- [TASK DETAILS]
Retype only what runs from the beginning of the data through the line with "table_cell 239005247 [140, 149, 257, 197]"; please omit the pictures and keep every line exact.

------------------------------------------------

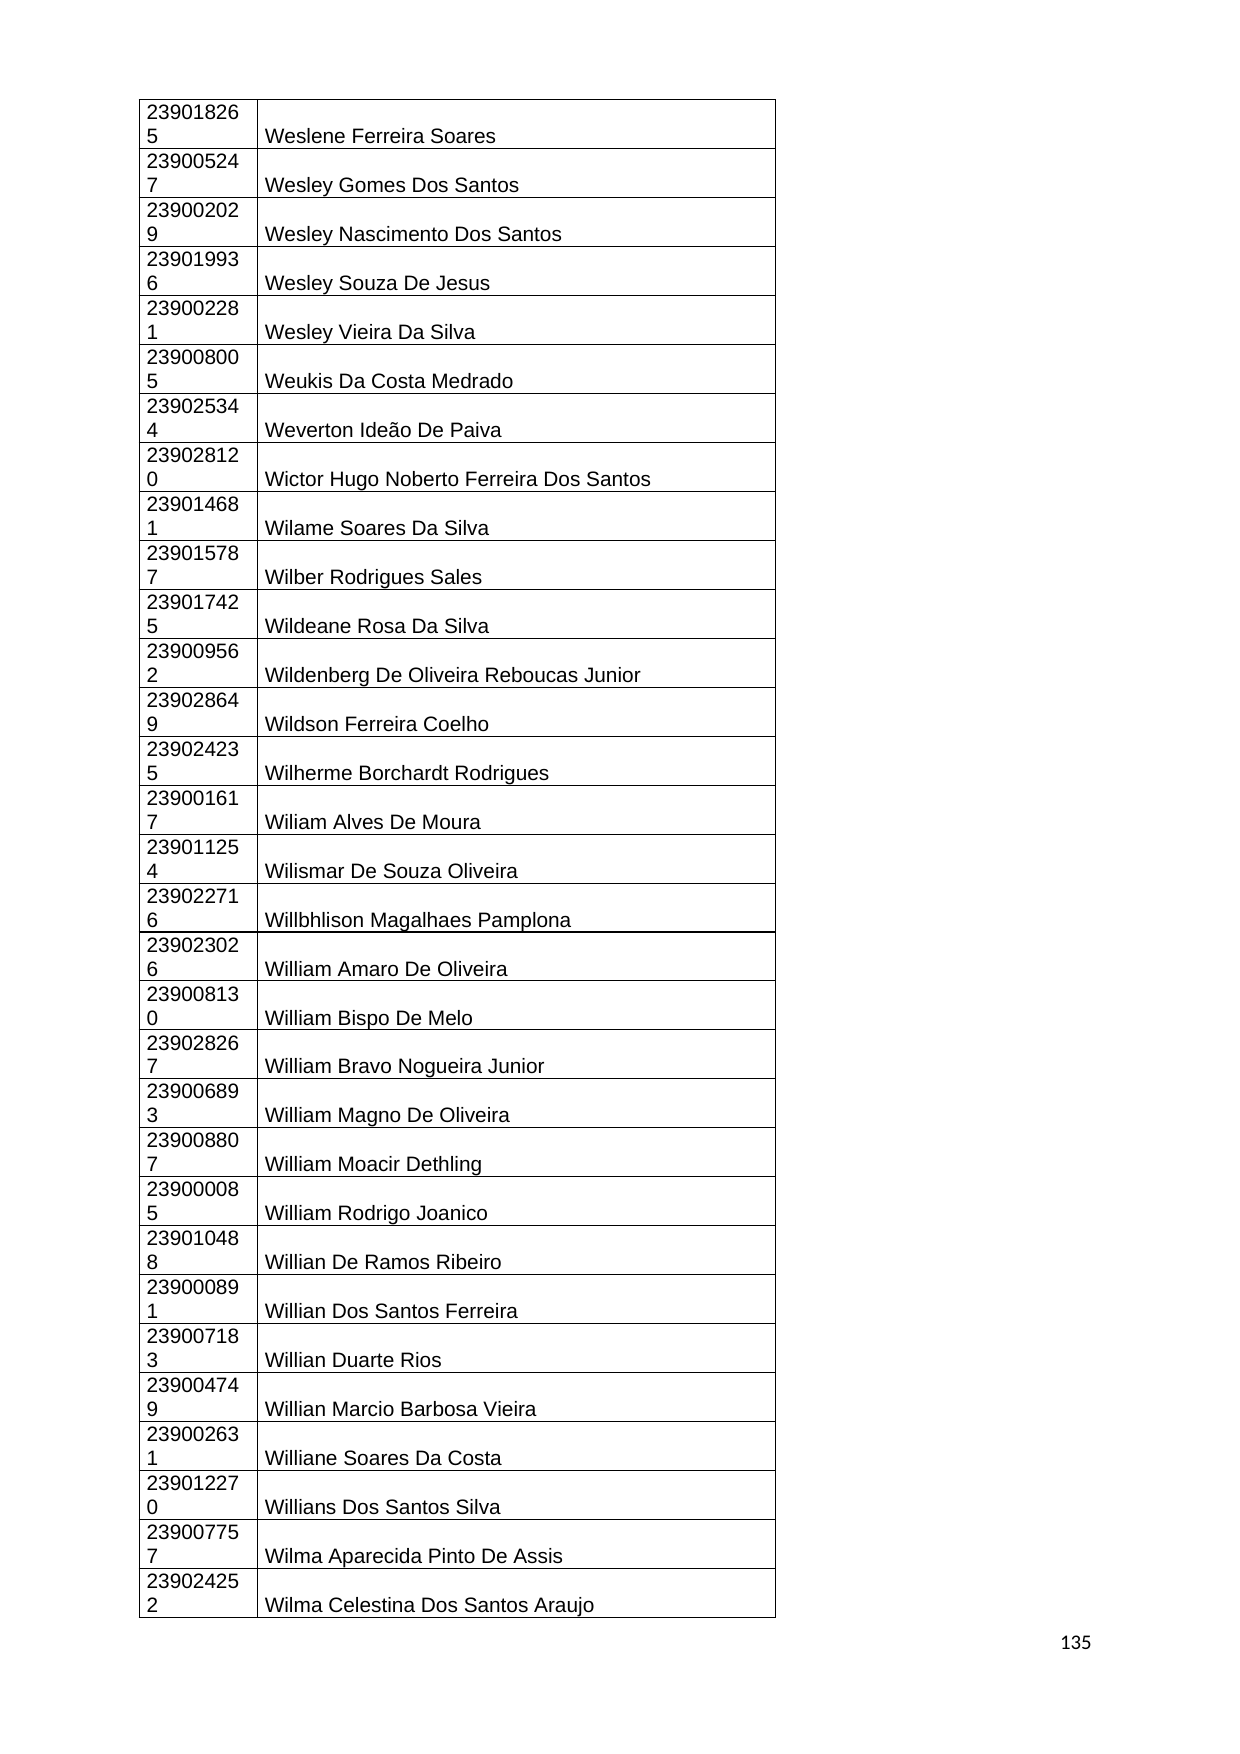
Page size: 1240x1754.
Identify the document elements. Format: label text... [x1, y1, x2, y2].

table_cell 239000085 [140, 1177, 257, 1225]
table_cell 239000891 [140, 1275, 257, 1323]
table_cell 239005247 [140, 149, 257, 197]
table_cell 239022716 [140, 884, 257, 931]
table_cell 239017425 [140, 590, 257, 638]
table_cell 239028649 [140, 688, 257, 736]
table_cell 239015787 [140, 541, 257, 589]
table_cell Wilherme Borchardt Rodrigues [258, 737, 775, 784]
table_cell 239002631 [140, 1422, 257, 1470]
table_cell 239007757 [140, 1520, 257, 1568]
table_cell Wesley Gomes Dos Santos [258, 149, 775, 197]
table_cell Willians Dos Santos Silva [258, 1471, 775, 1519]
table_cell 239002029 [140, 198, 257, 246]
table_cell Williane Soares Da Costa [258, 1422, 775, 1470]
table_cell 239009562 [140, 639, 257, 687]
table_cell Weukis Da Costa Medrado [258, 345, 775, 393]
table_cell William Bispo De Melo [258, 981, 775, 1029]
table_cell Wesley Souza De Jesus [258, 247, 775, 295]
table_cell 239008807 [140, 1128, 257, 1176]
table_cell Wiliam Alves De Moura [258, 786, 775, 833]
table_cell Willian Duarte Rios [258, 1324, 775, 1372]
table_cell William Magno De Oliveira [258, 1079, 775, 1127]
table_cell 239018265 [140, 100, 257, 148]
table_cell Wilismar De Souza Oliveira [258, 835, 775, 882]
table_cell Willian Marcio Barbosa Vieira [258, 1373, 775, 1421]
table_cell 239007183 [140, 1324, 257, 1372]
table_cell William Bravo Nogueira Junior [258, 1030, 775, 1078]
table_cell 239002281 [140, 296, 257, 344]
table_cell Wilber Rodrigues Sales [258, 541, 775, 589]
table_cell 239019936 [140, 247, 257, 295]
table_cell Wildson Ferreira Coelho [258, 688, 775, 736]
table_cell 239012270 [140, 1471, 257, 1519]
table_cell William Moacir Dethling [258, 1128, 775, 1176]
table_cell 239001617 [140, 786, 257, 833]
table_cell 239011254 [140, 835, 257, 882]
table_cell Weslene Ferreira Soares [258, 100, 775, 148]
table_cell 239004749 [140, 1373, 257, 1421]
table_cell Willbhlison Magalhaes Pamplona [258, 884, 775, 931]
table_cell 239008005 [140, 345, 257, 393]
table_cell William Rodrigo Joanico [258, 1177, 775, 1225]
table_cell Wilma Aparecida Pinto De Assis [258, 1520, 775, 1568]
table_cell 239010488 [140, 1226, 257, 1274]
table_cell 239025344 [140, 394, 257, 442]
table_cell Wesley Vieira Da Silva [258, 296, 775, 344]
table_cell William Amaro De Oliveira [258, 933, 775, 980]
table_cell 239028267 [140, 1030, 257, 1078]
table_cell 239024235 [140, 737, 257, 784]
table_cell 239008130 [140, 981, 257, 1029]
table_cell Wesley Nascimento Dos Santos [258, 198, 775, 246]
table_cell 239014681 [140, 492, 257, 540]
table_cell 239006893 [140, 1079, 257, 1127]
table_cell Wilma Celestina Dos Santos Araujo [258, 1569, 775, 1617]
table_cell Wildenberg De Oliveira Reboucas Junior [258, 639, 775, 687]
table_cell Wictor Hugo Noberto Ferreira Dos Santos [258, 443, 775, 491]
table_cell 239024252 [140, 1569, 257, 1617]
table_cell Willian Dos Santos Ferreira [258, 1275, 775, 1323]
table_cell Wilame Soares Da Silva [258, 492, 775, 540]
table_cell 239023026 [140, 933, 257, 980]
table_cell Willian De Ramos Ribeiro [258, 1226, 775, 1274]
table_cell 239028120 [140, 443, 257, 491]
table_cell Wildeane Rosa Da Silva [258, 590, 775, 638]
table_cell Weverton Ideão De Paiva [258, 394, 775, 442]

------------------------------------------------

- [OUTPUT BELOW]
Page size: 1240x1754.
Identify the document elements. Format: label text... [x1, y1, x2, y2].

table_cell 239000085 [140, 1177, 257, 1225]
table_cell 239000891 [140, 1275, 257, 1323]
table_cell 239005247 [140, 149, 257, 197]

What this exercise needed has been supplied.